前些日子刷新闻,两省交界那处烂尾楼突然亮起了红叉,新闻标题就写得热血激昂,说是为了民生,政府大刀阔斧地改革,要把这片灰暗的废墟变成一个个崭新的宜居小区。
当时我盯着屏幕,心里那块大石头就压不住,刚想冲进评论区去骂一句“烂尾楼都敢卖”,结局脑子突然转晕,把自己掐断了。 半夜醒来,一种莫名的恐慌涌上来,我下意识地抓了抓头发,发现这一身睡衣仿佛有点不对劲,像是被啥东西硬生生地扒了又贴。一阵头晕目眩,脑子里全是场梦——就是一场梦。梦里我站在一座正在被拆除的旧房子里,推土机轰隆隆地碾过我的脚边,带走的是我的旧房,留下的只有几根还是砖头的柱子。里面住着的,是我自己,还有好几个人,他们坐在断壁残垣旁,眼神空洞地看着那台庞大的机械,像是在看一个终结的仪式。 我拼命想喊,喉咙像是被啥东西堵住了,发不出一点声音。梦里那些人也跟着我一样,捂着脸,眼泪止不住地往下淌。我 thought 那是场噩梦,可醒来之后,心里却沉甸甸得像灌了铅。 这事儿让我想起最近那个数据。2023 年 1-9 月,全国累计拆除旧房 1.1 亿平米,相当于大约 180 个标准足球场那么大。
这个数字忒触目惊心了,可我不敢细想,只能硬着头皮持续往下翻。 我记得新闻里提过,某地为了推进城市更新,直接把这一片区域的地皮重新规划,就连为了腾挪空间,拍板把这一层楼的全体住户一次性置换走。

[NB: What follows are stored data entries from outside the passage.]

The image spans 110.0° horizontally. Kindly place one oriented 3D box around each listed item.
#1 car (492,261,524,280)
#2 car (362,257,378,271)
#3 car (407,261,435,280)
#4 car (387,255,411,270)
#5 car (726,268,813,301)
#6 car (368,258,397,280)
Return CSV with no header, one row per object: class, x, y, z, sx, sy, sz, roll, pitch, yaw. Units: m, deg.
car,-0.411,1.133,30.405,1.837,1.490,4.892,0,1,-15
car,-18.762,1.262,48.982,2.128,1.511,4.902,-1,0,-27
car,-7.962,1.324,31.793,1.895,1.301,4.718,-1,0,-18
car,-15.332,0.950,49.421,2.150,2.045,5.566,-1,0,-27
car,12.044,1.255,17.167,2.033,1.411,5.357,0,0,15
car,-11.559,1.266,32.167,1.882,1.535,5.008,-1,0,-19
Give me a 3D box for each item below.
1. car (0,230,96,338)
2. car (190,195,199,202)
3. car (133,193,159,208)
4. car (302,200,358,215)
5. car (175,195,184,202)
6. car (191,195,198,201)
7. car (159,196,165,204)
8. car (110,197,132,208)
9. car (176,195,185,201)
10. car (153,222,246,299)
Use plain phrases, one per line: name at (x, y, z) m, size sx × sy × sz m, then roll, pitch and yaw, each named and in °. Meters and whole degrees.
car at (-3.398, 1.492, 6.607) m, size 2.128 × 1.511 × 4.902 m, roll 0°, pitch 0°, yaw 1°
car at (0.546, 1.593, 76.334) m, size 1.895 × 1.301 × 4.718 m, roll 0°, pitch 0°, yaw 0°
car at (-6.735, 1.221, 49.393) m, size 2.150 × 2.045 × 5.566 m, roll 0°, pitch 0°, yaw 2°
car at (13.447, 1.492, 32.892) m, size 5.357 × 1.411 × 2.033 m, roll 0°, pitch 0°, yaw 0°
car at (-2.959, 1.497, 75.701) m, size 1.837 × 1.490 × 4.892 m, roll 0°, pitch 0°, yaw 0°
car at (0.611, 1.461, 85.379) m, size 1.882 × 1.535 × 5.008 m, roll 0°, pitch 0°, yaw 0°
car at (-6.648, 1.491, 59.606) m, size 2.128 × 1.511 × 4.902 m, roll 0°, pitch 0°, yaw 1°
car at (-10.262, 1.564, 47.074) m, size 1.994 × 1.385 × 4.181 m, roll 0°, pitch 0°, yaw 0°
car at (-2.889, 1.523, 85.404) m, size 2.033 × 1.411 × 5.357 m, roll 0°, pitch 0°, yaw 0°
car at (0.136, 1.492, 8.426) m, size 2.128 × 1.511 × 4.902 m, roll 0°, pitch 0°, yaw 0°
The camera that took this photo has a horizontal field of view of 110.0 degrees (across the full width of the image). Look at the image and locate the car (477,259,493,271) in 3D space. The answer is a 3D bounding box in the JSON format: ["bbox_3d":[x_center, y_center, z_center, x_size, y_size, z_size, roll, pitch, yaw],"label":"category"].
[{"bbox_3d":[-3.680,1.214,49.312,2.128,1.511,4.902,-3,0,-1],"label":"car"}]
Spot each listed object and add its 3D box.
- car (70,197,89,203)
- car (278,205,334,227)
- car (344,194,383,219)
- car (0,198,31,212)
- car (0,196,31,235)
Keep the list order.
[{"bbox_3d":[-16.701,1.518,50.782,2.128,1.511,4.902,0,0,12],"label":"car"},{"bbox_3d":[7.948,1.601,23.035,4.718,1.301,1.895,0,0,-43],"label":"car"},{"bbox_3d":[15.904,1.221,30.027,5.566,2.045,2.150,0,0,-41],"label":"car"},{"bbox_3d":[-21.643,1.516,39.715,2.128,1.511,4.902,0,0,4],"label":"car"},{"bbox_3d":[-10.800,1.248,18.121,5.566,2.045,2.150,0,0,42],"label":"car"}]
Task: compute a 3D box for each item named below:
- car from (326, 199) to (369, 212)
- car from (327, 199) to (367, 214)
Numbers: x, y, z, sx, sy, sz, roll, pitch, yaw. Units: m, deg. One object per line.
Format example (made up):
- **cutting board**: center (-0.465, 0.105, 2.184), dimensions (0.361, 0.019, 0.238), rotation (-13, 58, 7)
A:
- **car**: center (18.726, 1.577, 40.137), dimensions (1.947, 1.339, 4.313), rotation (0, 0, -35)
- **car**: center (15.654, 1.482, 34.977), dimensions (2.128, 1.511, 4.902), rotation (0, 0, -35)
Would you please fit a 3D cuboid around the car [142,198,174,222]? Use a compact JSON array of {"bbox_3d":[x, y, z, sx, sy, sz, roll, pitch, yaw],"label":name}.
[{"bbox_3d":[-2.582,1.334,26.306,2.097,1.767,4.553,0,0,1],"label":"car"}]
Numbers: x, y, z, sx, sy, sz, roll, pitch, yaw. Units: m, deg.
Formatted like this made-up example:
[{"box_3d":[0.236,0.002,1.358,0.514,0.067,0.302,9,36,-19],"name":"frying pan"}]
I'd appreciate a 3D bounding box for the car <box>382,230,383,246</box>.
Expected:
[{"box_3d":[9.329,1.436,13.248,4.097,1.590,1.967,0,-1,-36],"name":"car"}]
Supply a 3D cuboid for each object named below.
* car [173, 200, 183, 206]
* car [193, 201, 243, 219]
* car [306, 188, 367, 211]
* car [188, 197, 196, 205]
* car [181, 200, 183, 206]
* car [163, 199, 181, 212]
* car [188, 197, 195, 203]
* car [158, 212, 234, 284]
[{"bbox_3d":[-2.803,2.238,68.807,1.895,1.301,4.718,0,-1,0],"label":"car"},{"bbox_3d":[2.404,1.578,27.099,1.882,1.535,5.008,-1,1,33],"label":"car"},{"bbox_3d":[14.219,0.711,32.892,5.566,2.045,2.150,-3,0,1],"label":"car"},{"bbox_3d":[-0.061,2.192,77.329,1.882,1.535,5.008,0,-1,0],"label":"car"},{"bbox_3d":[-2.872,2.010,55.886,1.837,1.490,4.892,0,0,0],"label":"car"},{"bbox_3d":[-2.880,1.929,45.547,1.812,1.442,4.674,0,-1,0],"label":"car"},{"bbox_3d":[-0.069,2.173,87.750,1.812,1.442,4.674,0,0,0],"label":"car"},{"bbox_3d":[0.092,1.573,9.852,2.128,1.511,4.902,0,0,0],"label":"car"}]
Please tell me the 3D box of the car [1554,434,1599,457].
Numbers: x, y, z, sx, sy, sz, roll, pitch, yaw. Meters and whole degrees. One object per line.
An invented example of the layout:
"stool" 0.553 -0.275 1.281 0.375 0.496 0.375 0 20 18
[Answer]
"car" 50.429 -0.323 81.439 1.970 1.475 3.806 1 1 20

当时我越想越不对劲,毕竟哪有啥置换呢?房子是搬不走的,人也是。梦里那群人在废墟里互相搀扶着,那副惨状,彻底不像是在置换,倒像是在被活生生地挖出来。 这梦忒诡异了,我就连质疑是不是最近工作压力忒大,思绪混乱才形成的幻觉。毕竟现实里哪有那种集体被“搬家”且无法带走任何东西的情况?但梦里那种无助感,又忒过真,真得让我在醒来后还在后怕。 我也想过,这或许是某种心理投射,是对未来不确定性的恐惧。毕竟在这个时代,房龄忒老的房子确实会被拆,老旧小区的改造工程也是常态。但我总认定,梦里那种“所有人一起消亡”的感觉,忒深了,像是某种无形的力量在吞噬啥。 后来我试着去查数据,想找个确切的说法来证明我的揪心。去某某房地产智库看了报告,发现去化率确实低,大量楼盘交付半年后,出于资金链断裂被迫停工。可报告里却写着: “城市更新是城市发展的必然,通过拆除腾挪空间,能激发新的商业活力。” 我拿着这份报告去办公室,局长看着我手里的文件,脸色严肃地又点了点头。我这才明白,这不过是流程,是手段,是为了让城市长得快一点。但在我脑子里,那台推土机仿佛确实走了一步,又退了一步,像是在犹豫,又像是在确认啥。 这种梦境让我挺难受,出于它暗示着一种无法掌控的命运。甭管我在现实中多么努力地工作,多么努力地买房,多么努力地在这个拼杀的城市里生存,似乎总有一场庞大的仪式,等着把我从钢筋水泥的森林里拉出来。 我也想起了去年那个冬天,我在加班到凌晨三点,突然意识到自己仿佛老了十几岁。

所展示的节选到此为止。